## YOUR GOAL
Starting at the line that contains "Process the list" in the listing below, write out every line word for word until you have written the line that contains "person [1432,564,1458,631]".

## INPUT MATERIAL

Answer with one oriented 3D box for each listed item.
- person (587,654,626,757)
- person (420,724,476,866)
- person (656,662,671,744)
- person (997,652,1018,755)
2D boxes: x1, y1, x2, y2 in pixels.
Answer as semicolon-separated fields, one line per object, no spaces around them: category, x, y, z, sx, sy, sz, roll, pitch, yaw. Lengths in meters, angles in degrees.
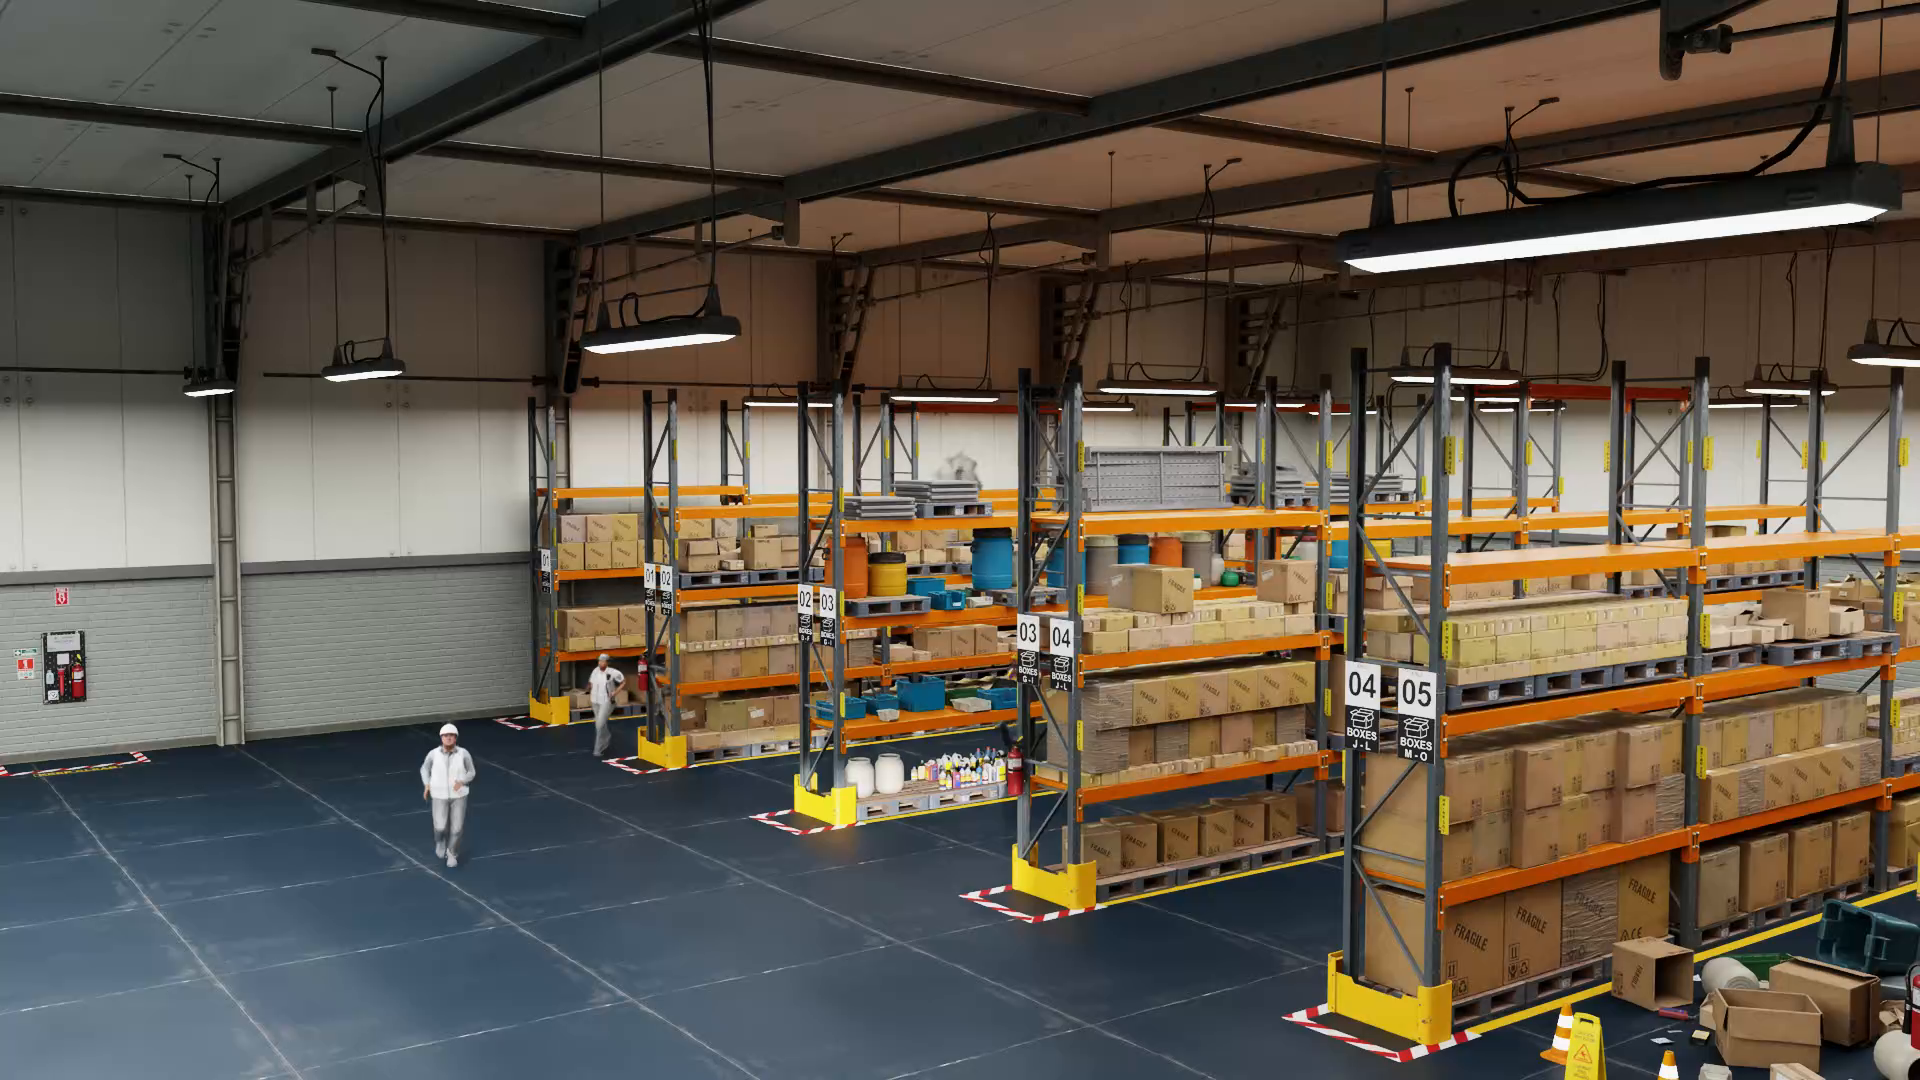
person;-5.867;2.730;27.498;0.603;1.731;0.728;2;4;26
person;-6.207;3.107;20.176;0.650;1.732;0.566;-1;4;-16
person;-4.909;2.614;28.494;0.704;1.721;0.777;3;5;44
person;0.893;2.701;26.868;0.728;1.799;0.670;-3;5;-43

==

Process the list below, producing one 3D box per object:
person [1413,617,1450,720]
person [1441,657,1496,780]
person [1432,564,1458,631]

## WRITTEN SOLUTION
Process the list below, producing one 3D box per object:
person [1413,617,1450,720]
person [1441,657,1496,780]
person [1432,564,1458,631]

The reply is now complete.